GAZZA, UNA STORIA DA ROMANZO - "Avrebbero potuto scrivere un libro su Gascoigne". Così esordisce il tedesco appena si pronuncia il nome "Gazza". Un dualismo, quello tra i due ex Lazio, vissuto con il sorriso e un pizzico di sana competizione: "Paul era un ragazzo simpatico, a cui piaceva aiutare gli altri, soprattutto i più giovani. Faceva degli scherzi incredibili. Non aveva un carattere “inglese”, quando faceva qualcosa, non sapevi che ti sarebbe potuto accadere. Era una persona in gamba. Avevo un buon rapporto con lui, anche se giocavamo nello stesso ruolo. Decideva il mister chi mandare in campo, io non ho mai avuto problemi. Eravamo amici, conservo bei ricordi". 
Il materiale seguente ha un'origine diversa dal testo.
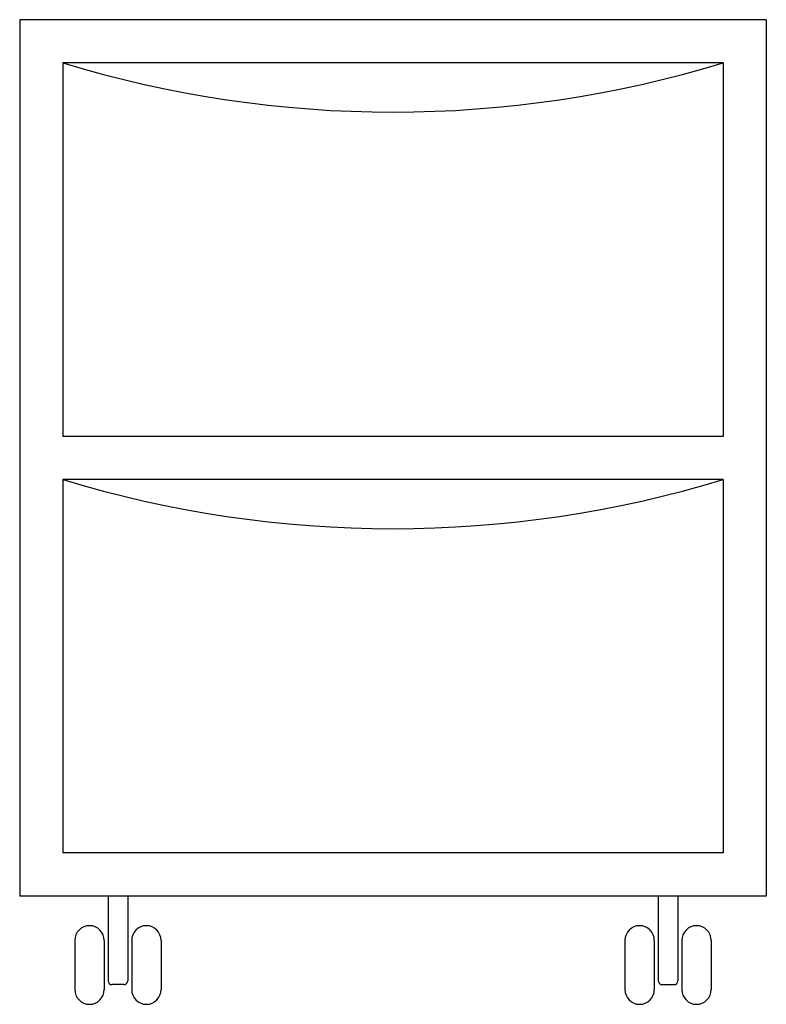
# Model space of a CAD drawing. Header units: millimetres. Extents: x -0.19 to 0.19, y 0 to 0.501.
import ezdxf

# ---------------------------------------------------------------- set-up
doc = ezdxf.new("R2010")
doc.units = ezdxf.units.MM
doc.layers.add('BLOCKS', color=3, linetype='Continuous')

msp = doc.modelspace()

# ---------------------------------------------------------------- linework, layer by layer
at = {"layer": 'BLOCKS'}
for p, q in [((-0.19, 0.501), (-0.19, 0.055)), ((0.19, 0.501), (-0.19, 0.501)), ((0.19, 0.501), (0.19, 0.055)), ((-0.168, 0.479), (-0.168, 0.289)), ((0.168, 0.479), (-0.168, 0.479)), ((0.168, 0.479), (0.168, 0.289)), ((0.168, 0.289), (-0.168, 0.289)), ((-0.168, 0.267), (-0.168, 0.077)), ((0.168, 0.267), (-0.168, 0.267)), ((0.168, 0.267), (0.168, 0.077)), ((0.168, 0.077), (-0.168, 0.077)), ((0.19, 0.055), (-0.19, 0.055)), ((-0.145, 0.055), (-0.145, 0.012)), ((-0.135, 0.055), (-0.135, 0.012)), ((0.135, 0.055), (0.135, 0.012)), ((0.145, 0.055), (0.145, 0.012)), ((-0.162, 0.0325), (-0.162, 0.0075)), ((-0.147, 0.0325), (-0.147, 0.0075)), ((-0.133, 0.0325), (-0.133, 0.0075)), ((-0.118, 0.0325), (-0.118, 0.0075)), ((0.118, 0.0325), (0.118, 0.0075)), ((0.133, 0.0325), (0.133, 0.0075)), ((0.147, 0.0325), (0.147, 0.0075)), ((0.162, 0.0325), (0.162, 0.0075)), ((-0.137, 0.01), (-0.143, 0.01)), ((0.137, 0.01), (0.143, 0.01))]:
    msp.add_line(p, q, dxfattribs=at)
for centre, radius, start, end in [((0, 1.03098), 0.57698, 253.07191, 286.92809), ((0, 0.81898), 0.57698, 253.07191, 286.92809), ((-0.1545, 0.0325), 0.0075, 0, 180), ((-0.1255, 0.0325), 0.0075, 0, 180), ((0.1255, 0.0325), 0.0075, 0, 180), ((0.1545, 0.0325), 0.0075, 0, 180), ((-0.143, 0.012), 0.002, 180, 270), ((-0.137, 0.012), 0.002, 270, 0), ((0.137, 0.012), 0.002, 180, 270), ((0.143, 0.012), 0.002, 270, 0), ((-0.1545, 0.0075), 0.0075, 180, 0), ((-0.1255, 0.0075), 0.0075, 180, 0), ((0.1255, 0.0075), 0.0075, 180, 0), ((0.1545, 0.0075), 0.0075, 180, 0)]:
    msp.add_arc(centre, radius, start, end, dxfattribs=at)

doc.saveas('drawing.dxf')
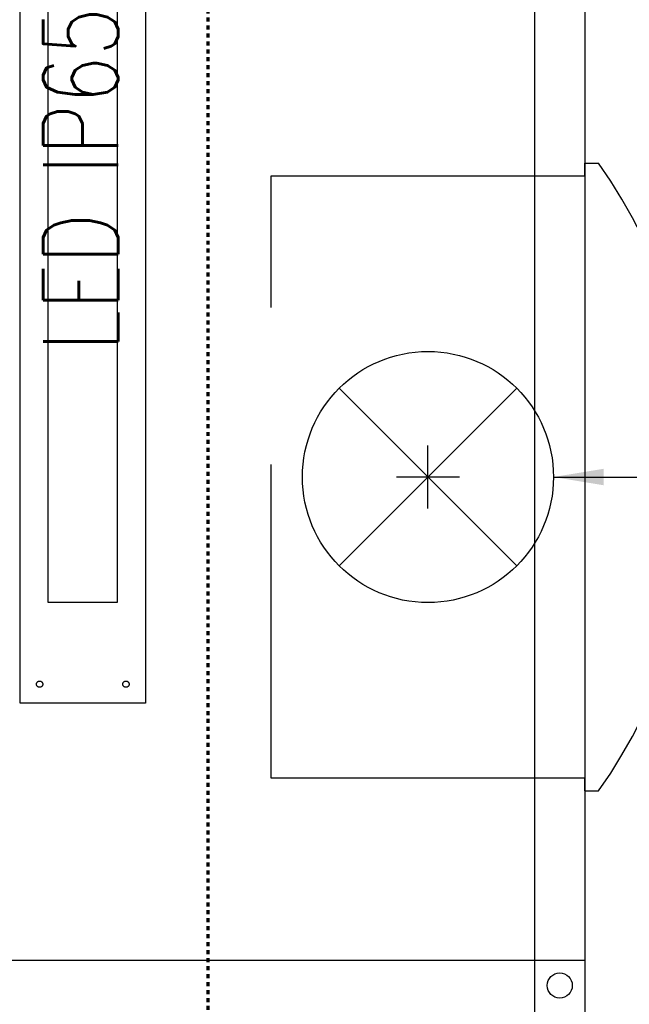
# Model space of a CAD drawing. Header units: millimetres. Extents: x -56641 to 6003, y -24465 to 16563.
# Tile 43 of 79: x -31763 to -31278, y -1507 to -722. Entities that reach past the tile are written whole.
import ezdxf
from ezdxf.enums import TextEntityAlignment as Align

# ---------------------------------------------------------------- set-up
doc = ezdxf.new("R2010")
doc.units = ezdxf.units.MM
doc.linetypes.add('HIDDEN', pattern=[375, 250, -125])
doc.linetypes.add('Kreska', pattern=[6.35, 3.175, -3.175])
doc.layers.add('G-ANNO-SYMB', color=7, linetype='Continuous', lineweight=5)
for name, color, linetype in [('JEVENHUUVA', 7, 'Continuous'), ('JEVENKATKOVIIVAT', 5, 'HIDDEN'), ('JEVENMITAT', 2, 'Continuous'), ('JEVENVALAISIN', 2, 'HIDDEN'), ('KATKOVIIVAT', 5, 'HIDDEN'), ('MITAT', 2, 'Continuous'), ('MUOTOVIIVAT', 7, 'Continuous')]:
    doc.layers.add(name, color=color, linetype=linetype)
doc.styles.add('ROMANS', font='romans')
doc.dimstyles.get("Standard").update_dxf_attribs({"dimtxt": 0.18, "dimasz": 0.18, "dimexe": 0.18, "dimexo": 0.0625, "dimgap": 0.09, "dimtad": 0, "dimtih": 1, "dimtoh": 1, "dimdec": 4, "dimzin": 0, "dimdsep": 46, "dimtxsty": 'Standard', "dimcen": 0.09, "dimadec": 0, "dimazin": 0, "dimtfac": 1, "dimtdec": 4, "dimtofl": 0, "dimtmove": 0, "dimatfit": 3, "dimfxl": 1, "dimtolj": 1, "dimtzin": 0, "dimarcsym": 0})

# ---------------------------------------------------------------- blocks, each defined once
blk = doc.blocks.new('*U355')
at = {"layer": 'JEVENVALAISIN', "color": 5, "ltscale": 50}
blk.add_lwpolyline([(530, 0), (-530, 0), (-530, 100), (530, 100)], close=True, dxfattribs=at)
at = {"layer": 'JEVENVALAISIN', "color": 51, "ltscale": 50, "true_color": 0xf8f6b0}
blk.add_lwpolyline([(450, 22.5), (-450, 22.5), (-450, 77.5), (450, 77.5), (450, 22.5)], dxfattribs=at)
at = {"layer": 'JEVENVALAISIN', "color": 5, "ltscale": 50}
for centre in [(-515, 84.37), (-515, 15.62)]:
    blk.add_circle(centre, 2.5, dxfattribs=at)
at = {"layer": 'JEVENMITAT', "style": 'ROMANS', "width": 0.75}
blk.add_text('LED IP65 4000K', height=60, dxfattribs=at).set_placement((0, 51.68), align=Align.MIDDLE)
blk = doc.blocks.new('TULO330-200')
at = {"layer": 'KATKOVIIVAT'}
for p, q in [((-240, 0), (-240, 250)), ((-240, 250), (240, 250)), ((240, 250), (240, 0)), ((240, 0), (-240, 0))]:
    blk.add_line(p, q, dxfattribs=at)
at = {"layer": 'MITAT'}
for p, q in [((0, 100), (0, 150)), ((-25, 125), (25, 125))]:
    blk.add_line(p, q, dxfattribs=at)
at = {"layer": 'MUOTOVIIVAT'}
for p, q in [((-70.71, 195.71), (70.71, 54.29)), ((-70.71, 54.29), (70.71, 195.71)), ((-250, 0), (-250, -10.98)), ((-250, 0), (-240, 0)), ((240, 0), (250, 0)), ((250, 0), (250, -10.98))]:
    blk.add_line(p, q, dxfattribs=at)
blk.add_circle((0, 125), 100, dxfattribs=at)
blk.add_arc((0, 345), 435, 234.92049, 305.07951, dxfattribs=at)
at = {"layer": 'MITAT', "insert": (-71.63, -130), "char_height": 50, "attachment_point": 6, "style": 'ROMANS'}
blk.add_mtext('%%c200', dxfattribs=at)
at = {"layer": 'MITAT', "annotation_type": 0, "has_hookline": 1, "hookline_direction": 1, "text_width": 173.81}
blk.add_leader([(0, 25), (0, -175), (-51.63, -175)], dimstyle='Standard', override={"dimtxt": 40, "dimasz": 40, "dimexe": 40, "dimexo": 40, "dimgap": 20, "dimtad": 1, "dimtih": 0, "dimdec": 0, "dimtxsty": 'ROMANS', "dimcen": 25, "dimtdec": 1}, dxfattribs=at)

msp = doc.modelspace()

# ---------------------------------------------------------------- linework, layer by layer
at = {"layer": 'G-ANNO-SYMB', "linetype": 'Kreska', "lineweight": 70}
msp.add_line((-31613.016, -23094.679), (-31613.016, 9589.963), dxfattribs=at)
at = {"layer": 'JEVENHUUVA'}
msp.add_lwpolyline([(-33712.911, 38.487), (-31312.911, 38.487), (-31312.911, -3061.513), (-33712.911, -3061.513), (-33712.911, 38.487)], dxfattribs=at)
msp.add_circle((-31332.911, -1491.513), 10, dxfattribs=at)
at = {"layer": 'JEVENKATKOVIIVAT', "ltscale": 50}
for p, q in [((-31352.911, 38.487), (-31352.911, -3061.513)), ((-31312.911, -1471.513), (-33712.911, -1471.513))]:
    msp.add_line(p, q, dxfattribs=at)

# ---------------------------------------------------------------- block references
at = {"rotation": 89.99999999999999}
msp.add_blockref('*U355', (-31662.911, -736.513), dxfattribs=at)
at = {"layer": 'JEVENHUUVA', "rotation": 89.99999999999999}
msp.add_blockref('TULO330-200', (-31312.911, -1086.513), dxfattribs=at)

doc.saveas('drawing.dxf')

AMORE A DISTANZA - Non sono stati sufficienti venticinque anni e migliaia di chilometri di distanza per far dimenticare a Doll la sua Lazio. L'ex calciatore continua a seguirla e a tifare per lei: "La squadra sta facendo bene, lotta per vincere il campionato. Non so come finirà la stagione, ma i biancocelesti stavano andando alla grande. Inzaghi ha trovato il suo sistema, il suo gruppo, con Immobile, un attaccante che fa tantissimi gol. Per i laziali sono molto felice, dopo tanti anni hanno la possibilità di vincere lo Scudetto. Spero di rivedere la Lazio in Champions League, sarebbe bellissimo". Indelebili, infine, i ricordi legati al derby della Capitale: "Credo che come pressione, come stress prima della partita, come atmosfera, quello di Roma sia il più sentito al mondo. Forse insieme a quello tedesco tra Dortmund e Schalke. Qualche volta sono venuti anche i tifosi in ritiro, il capo ultras voleva parlarci, voleva motivarci, voleva farci capire quanto fosse importante quella partita. Ho la fortuna di non averlo mai perso, credo non sarebbe stato possibile uscire in città per le due settimane seguenti. Era bello, pelle d’oca prima e dopo un’atmosfera davvero incredibile".